*Work task*
Please copy out every line of the listing below in which the word "rotate" appears.

==== Supplied data ====

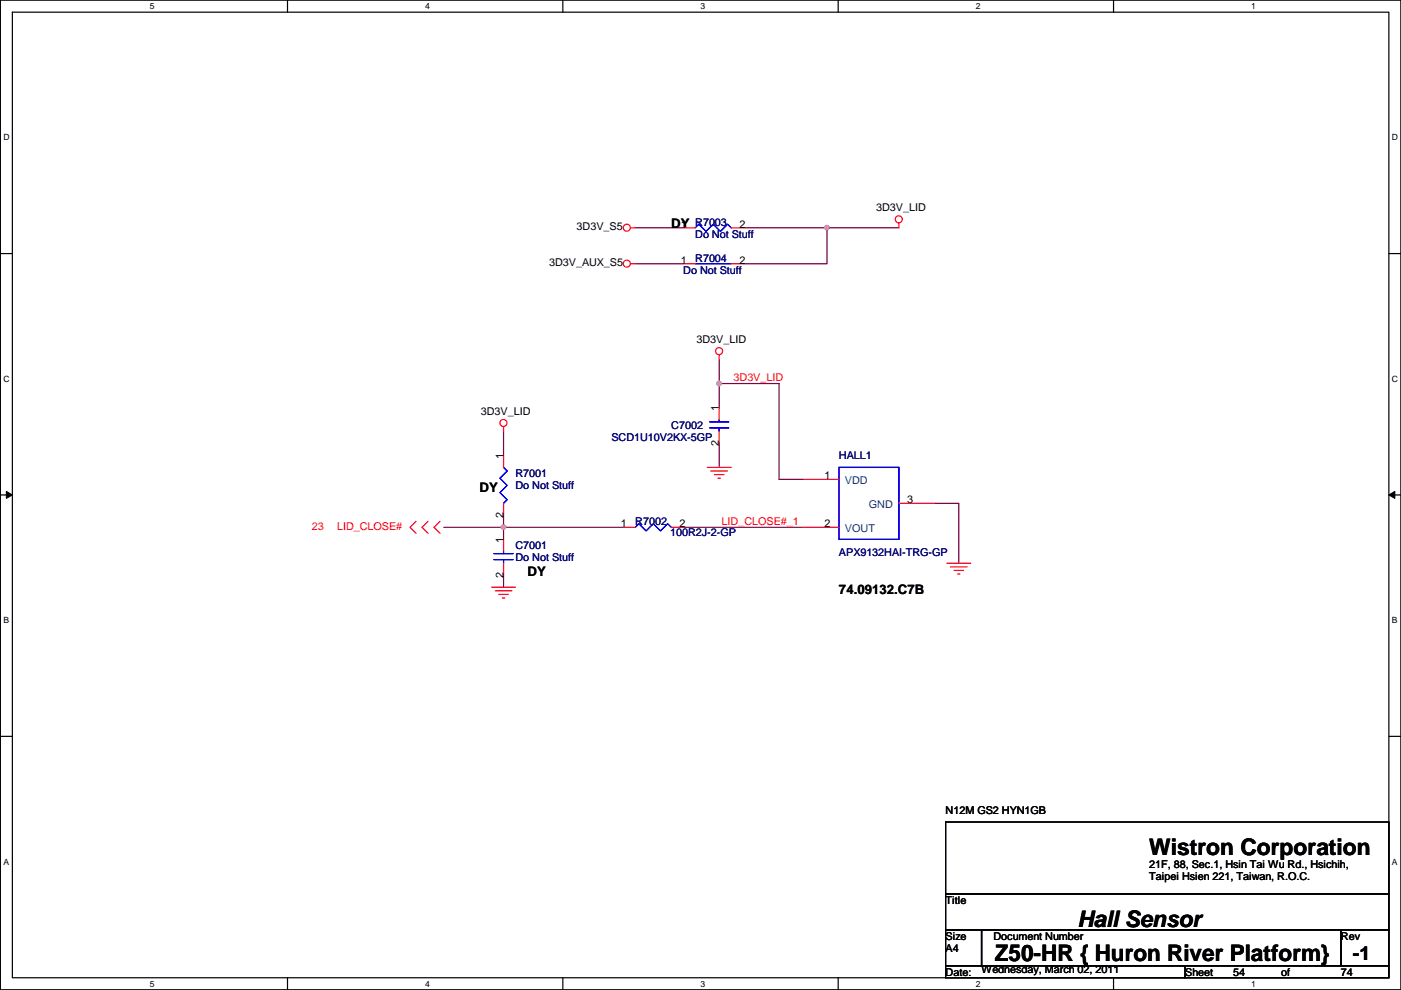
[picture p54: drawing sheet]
<svg xmlns="http://www.w3.org/2000/svg" width="297mm" height="210mm" viewBox="0 0 297 210" stroke-linecap="round" stroke-linejoin="round" font-family="sans-serif">
<defs><g id="words">
<g font-size="4.8">
<text x="243.7" y="181.3">Wistron Corporation</text>
<text x="228.4" y="196.5">Hall Sensor</text>
<text x="210.9" y="203.7">Z50-HR { Huron River Platform}</text>
</g>
<text font-size="4.1" x="286.8" y="203.5">-1</text>
<g font-size="2.8">
<text x="142.3" y="48.4">DY</text>
<text x="101.7" y="104.3">DY</text>
<text x="111.8" y="122">DY</text>
<text x="177.9" y="125.9">74.09132.C7B</text>
</g>
<g font-size="2.3" fill="#000080">
<text x="147.4" y="47.8">R7003</text>
<text x="147.4" y="50.4">Do Not Stuff</text>
<text x="144.9" y="58">Do Not Stuff</text>
<text x="147.4" y="55.5">R7004</text>
<text x="129.6" y="93.6">SCD1U10V2KX-5GP</text>
<text x="142.3" y="91">C7002</text>
<text x="109.3" y="101.2">R7001</text>
<text x="177.9" y="97.4">HALL1</text>
<text x="109.3" y="103.7">Do Not Stuff</text>
<text x="134.7" y="111.3">R7002</text>
<text x="142.1" y="113.6">100R2J-2-GP</text>
<text x="109.3" y="116.4">C7001</text>
<text x="109.3" y="119">Do Not Stuff</text>
<text x="177.9" y="117.9">APX9132HAI-TRG-GP</text>
</g>
<g font-size="2.3">
<text x="185.8" y="44.8">3D3V_LID</text>
<text x="122.3" y="48.9">3D3V_S5</text>
<text x="144.4" y="48.3">1</text>
<text x="156.8" y="48.3">2</text>
<text x="116.4" y="56.5">3D3V_AUX_S5</text>
<text x="144.4" y="55.9">1</text>
<text x="156.8" y="55.9">2</text>
<text x="147.7" y="72.7">3D3V_LID</text>
<text x="101.9" y="88">3D3V_LID</text>
<text x="152.4" y="87.2" transform="rotate(-90 152.4 87.2)">1</text>
<text x="152.4" y="94.5" transform="rotate(-90 152.4 94.5)">2</text>
<text x="106.7" y="97.3" transform="rotate(-90 106.7 97.3)">1</text>
<text x="174.8" y="101.6">1</text>
<text x="192.4" y="106.7">3</text>
<text x="106.7" y="109.8" transform="rotate(-90 106.7 109.8)">2</text>
<text x="131.7" y="111.8">1</text>
<text x="144.1" y="111.8">2</text>
<text x="174.8" y="111.8">2</text>
<text x="106.7" y="115.1" transform="rotate(-90 106.7 115.1)">1</text>
<text x="106.7" y="122.5" transform="rotate(-90 106.7 122.5)">2</text>
<text x="200.5" y="172.6">N12M GS2 HYN1GB</text>
<text x="243.7" y="184">21F, 88, Sec.1, Hsin Tai Wu Rd., Hsichih,</text>
<text x="200.5" y="191.6">Title</text>
<text x="243.7" y="186.6">Taipei Hsien 221, Taiwan, R.O.C.</text>
<text x="200.5" y="201.8">A4</text>
<text x="200.5" y="199.2">Size</text>
<text x="210.6" y="199.2">Document Number</text>
<text x="284.3" y="199.2">Rev</text>
<text x="200.5" y="206.8">Date:</text>
<text x="208.1" y="206.3">Wednesday, March 02, 2011</text>
<text x="251.3" y="206.8">Sheet</text>
<text x="261.4" y="206.8">54</text>
<text x="271.6" y="206.8">of</text>
<text x="284.3" y="206.8">74</text>
</g>
<g font-size="2.3" fill="#f00">
<text x="155.5" y="80.8">3D3V_LID</text>
<text x="66.1" y="112.4">23</text>
<text x="71.5" y="112.4">LID_CLOSE#</text>
<text x="153" y="111.3">LID_CLOSE#_1</text>
</g>
<g font-size="2.3" fill="#004080">
<text x="179.2" y="102.7">VDD</text>
<text x="184.2" y="107.8">GND</text>
<text x="179.2" y="112.9">VOUT</text>
</g>
<g font-size="1.8">
<text x="31.8" y="1.9">5</text>
<text x="90.1" y="1.9">4</text>
<text x="148.5" y="1.9">3</text>
<text x="206.9" y="1.9">2</text>
<text x="265.3" y="1.9">1</text>
<text x=".7" y="29.8">D</text>
<text x="295.1" y="29.8">D</text>
<text x=".7" y="80.9">C</text>
<text x="295.1" y="80.9">C</text>
<text x=".7" y="132.1">B</text>
<text x="295.1" y="132.1">B</text>
<text x=".7" y="183.3">A</text>
<text x="295.1" y="183.3">A</text>
<text x="31.8" y="209.2">5</text>
<text x="90.1" y="209.2">4</text>
<text x="148.5" y="209.2">3</text>
<text x="206.9" y="209.2">2</text>
<text x="265.3" y="209.2">1</text>
</g>
</g></defs>
<path d="M.1 0h296.9v209.8h-296.9zM2.6 2.6h291.9v204.7h-291.9z" fill="none" stroke="#000" stroke-width=".25"/>
<g fill="#fff">
<path d="M31.8 .3h1v2h-1z"/>
<path d="M31.8 207.6h1v1.9h-1z"/>
</g>
<path d="M61 0v2.6M61 207.3v2.5" fill="none" stroke="#000" stroke-width=".25"/>
<g fill="#fff">
<path d="M90.1 .3h1v2h-1z"/>
<path d="M90.1 207.6h1v1.9h-1z"/>
</g>
<path d="M119.3 0v2.6M119.3 207.3v2.5" fill="none" stroke="#000" stroke-width=".25"/>
<g fill="#fff">
<path d="M148.5 .3h1v2h-1z"/>
<path d="M148.5 207.6h1v1.9h-1z"/>
</g>
<path d="M177.7 0v2.6M177.7 207.3v2.5" fill="none" stroke="#000" stroke-width=".25"/>
<g fill="#fff">
<path d="M206.9 .3h1v2h-1z"/>
<path d="M206.9 207.6h1v1.9h-1z"/>
</g>
<path d="M236.1 0v2.6M236.1 207.3v2.5" fill="none" stroke="#000" stroke-width=".25"/>
<g fill="#fff">
<path d="M265.3 .3h.9v2h-.9z"/>
<path d="M265.3 207.6h.9v1.9h-.9z"/>
<path d="M.7 28.2h1.3v1.9h-1.3z"/>
<path d="M295.1 28.2h1.3v1.9h-1.3z"/>
<path d="M.7 79.3h1.3v2h-1.3z"/>
<path d="M295.1 79.3h1.3v2h-1.3z"/>
</g>
<path d="M.1 53.8h2.5M294.5 53.8h2.5" fill="none" stroke="#000" stroke-width=".25"/>
<g fill="#fff">
<path d="M.7 130.5h1.2v2h-1.2z"/>
<path d="M295.1 130.5h1.2v2h-1.2z"/>
</g>
<path d="M.1 104.9h2.5M294.5 104.9h2.5" fill="none" stroke="#000" stroke-width=".25"/>
<path d="M1.4 104.2l1.2 .7-1.2 .8zM294.5 104.9l1.2-.7v1.5z" fill="#000"/>
<path d="M1.4 104.2l1.2 .7-1.2 .8zM294.5 104.9l1.2-.7v1.5z" fill="none" stroke="#000" stroke-width=".21"/>
<g fill="#fff">
<path d="M.7 181.7h1.2v2h-1.2z"/>
<path d="M295.1 181.7h1.2v2h-1.2z"/>
</g>
<path d="M.1 156.1h2.5M294.5 156.1h2.5" fill="none" stroke="#000" stroke-width=".25"/>
<path d="M94.1 111.8h38.1M144.9 111.8h25.4" fill="none" stroke="#800040" stroke-width=".25"/>
<circle cx="106.7" cy="111.8" r=".49" fill="#f0f"/>
<circle cx="106.7" cy="111.8" r=".49" fill="none" stroke="#f0f" stroke-width=".25"/>
<path d="M134.7 55.9h10.2M134.7 48.3h10.2M157.6 48.3h17.7v7.6h-17.7M106.8 91.5v5.1M152.5 86.4v-5.1h12.7v20.3h5.1M152.5 94v5.1M106.8 109.3v5M198.2 106.7h5.1v12.7M106.8 122v2.5" fill="none" stroke="#800040" stroke-width=".25"/>
<circle cx="175.3" cy="48.3" r=".49" fill="#f0f"/>
<circle cx="175.3" cy="48.3" r=".49" fill="none" stroke="#f0f" stroke-width=".25"/>
<path d="M175.3 48.3h15.3M152.5 76.2v5.1" fill="none" stroke="#800040" stroke-width=".25"/>
<circle cx="152.5" cy="81.3" r=".49" fill="#f0f"/>
<circle cx="152.5" cy="81.3" r=".49" fill="none" stroke="#f0f" stroke-width=".25"/>
<g fill="none" stroke="#f00" stroke-width=".25">
<path d="M133.7 55.9h1M133.7 48.3h1M144.9 55.9h2.5M144.9 48.3h2.5M155 55.9h2.6M155 48.3h2.6M190.6 47.3v1M152.5 75.2v1M106.8 90.5v1M106.8 96.6v2.5M149.9 99.1h5.1M150.7 99.9h3.6"/>
<path d="M152.5 86.4v2.5M152.5 91.5v2.5M88.2 110.5l-1.3 1.3 1.3 1.3M90.8 110.5l-1.3 1.3 1.3 1.3M93.3 110.5l-1.3 1.3 1.3 1.3M106.8 106.7v2.6M106.8 114.3v2.6M106.8 119.4v2.6M132.2 111.8h2.5M142.3 111.8h2.6M151.5 100.6h2M152.2 101.4h.5"/>
<path d="M170.3 101.6h7.6M170.3 111.8h7.6M190.6 106.7h7.6M200.7 119.4h5.1M104.2 124.5h5.1M105 125.3h3.5M105.7 126h2.1M106.5 126.8h.5M201.5 120.2h3.6M202.3 120.9h2M203 121.7h.5"/>
<circle cx="132.9" cy="55.9" r=".75"/>
<circle cx="132.9" cy="48.3" r=".75"/>
<circle cx="190.6" cy="46.5" r=".75"/>
<circle cx="152.5" cy="74.4" r=".75"/>
<circle cx="106.7" cy="89.7" r=".75"/>
</g>
<path d="M200.5 174.3h94v15.2h-94zM200.5 189.5h94v7.6h-94zM200.5 197.1h7.6v7.7h-7.6zM208.1 197.1h76.2v7.7h-76.2zM284.3 197.1h10.2v7.7h-10.2zM200.5 204.8h50.8v2.5h-50.8zM251.3 204.8h43.2v2.5h-43.2z" fill="none" stroke="#000" stroke-width=".25"/>
<g fill="none" stroke="#00f" stroke-width=".25">
<path d="M147.4 55.9h7.6M147.4 48.3l.8-.8 1.5 1.6 1.5-1.6 1.5 1.6 1.6-1.6 .7 .8M106.8 99.1l.7 .8-1.5 1.5 1.5 1.5-1.5 1.5 1.5 1.6-.7 .7M150.4 89.5h4.1M150.4 90.7h4.1M152.5 88.9v.6M152.5 90.7v.8M177.9 99.1h12.7v15.2h-12.7zM104.7 118.7h4.1M104.7 117.4h4.1M106.8 116.9v.5M106.8 118.7v.7"/>
<path d="M134.7 111.8l.8-.8 1.5 1.6 1.5-1.6 1.5 1.6 1.6-1.6 .7 .8"/>
</g>
<circle cx="106.7" cy="111.8" r=".49" fill="#f0f"/>
<circle cx="106.7" cy="111.8" r=".49" fill="none" stroke="#f0f" stroke-width=".25"/>
<circle cx="175.3" cy="48.3" r=".49" fill="#f0f"/>
<circle cx="175.3" cy="48.3" r=".49" fill="none" stroke="#f0f" stroke-width=".25"/>
<circle cx="152.5" cy="81.3" r=".49" fill="#f0f"/>
<circle cx="152.5" cy="81.3" r=".49" fill="none" stroke="#f0f" stroke-width=".25"/>
<use href="#words"/>
</svg>

====

*Response to this task*
<text x="152.4" y="87.2" transform="rotate(-90 152.4 87.2)">1</text>
<text x="152.4" y="94.5" transform="rotate(-90 152.4 94.5)">2</text>
<text x="106.7" y="97.3" transform="rotate(-90 106.7 97.3)">1</text>
<text x="106.7" y="109.8" transform="rotate(-90 106.7 109.8)">2</text>
<text x="106.7" y="115.1" transform="rotate(-90 106.7 115.1)">1</text>
<text x="106.7" y="122.5" transform="rotate(-90 106.7 122.5)">2</text>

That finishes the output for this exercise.